Coveralls experienced a minor incident on August 20, 2025 affecting Coveralls.io Web and Coveralls.io API, lasting 6h 33m. The incident has been resolved; the full update timeline is below.
Affected components
Update timeline
- investigating Aug 20, 2025, 03:48 PM UTC
We are currently investigating this issue.
- investigating Aug 20, 2025, 05:11 PM UTC
We are continuing to investigate this issue.
- identified Aug 20, 2025, 05:11 PM UTC
The issue has been identified and a fix is being implemented.
- monitoring Aug 20, 2025, 07:08 PM UTC
A fix has been implemented and we are monitoring the results.
- resolved Aug 20, 2025, 10:21 PM UTC
We have implemented an intermediate solution and believe this issue has been resolved for now. To fully resolve the root cause, we will need to implement a more long-term solution, which is currently in design. (Please read postmortem for more information.) In the meantime, we will be doing our best to monitor for spikes in traffic from outlier repos and manually respond where our intermediate solution may not mitigate as much as we hope it will.
- postmortem Aug 20, 2025, 10:22 PM UTC
We believe this issue has been resolved for now. The underlying cause still appears to be large spikes in incoming Web traffic from other outlier repositories that we have not yet identified or not yet paused. **Interim Solution**: To reduce the risk of recurrence, we have applied _temporary load balancer adjustments_ that change how requests are distributed, which should _lower_—if not _eliminate_—the frequency of **503** “**This website is under heavy load**” **errors**. **Permanent Solution**: We are also designing a permanent solution to _rate-limit abnormal request patterns_. This will require coordination at the policy/SLA level before it can be fully implemented.

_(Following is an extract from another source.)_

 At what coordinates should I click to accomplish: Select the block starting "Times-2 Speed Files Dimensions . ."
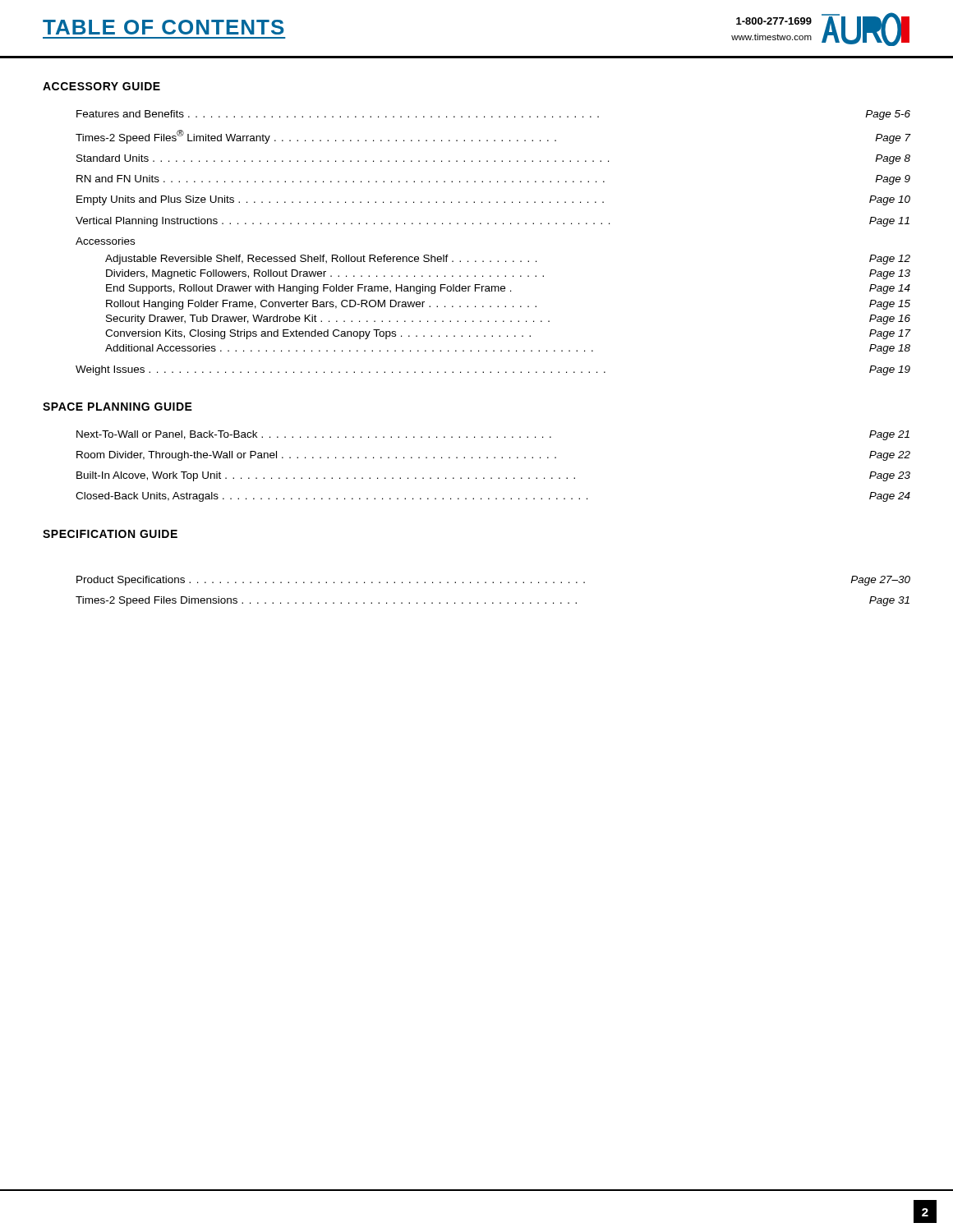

In the meantime, we will continue to closely monitor traffic and use targeted load balancer and web server configurations to mitigate the impact of outlier traffic spikes. **More details**: For a more detailed assessment / RCA of this incident and its recent, related incidents, see [this postmortem](https://status.coveralls.io/incidents/wqbsxnzv0jsf). **Update \(Thu, Aug 21\)**: We have identified a **different permanent solution**, which does not entail changes to SLA-level details for “outlier repos.” We may still implement such a solution, but our alternative solution should avoid further 503 errors and be implemented in the next 48-72 hrs.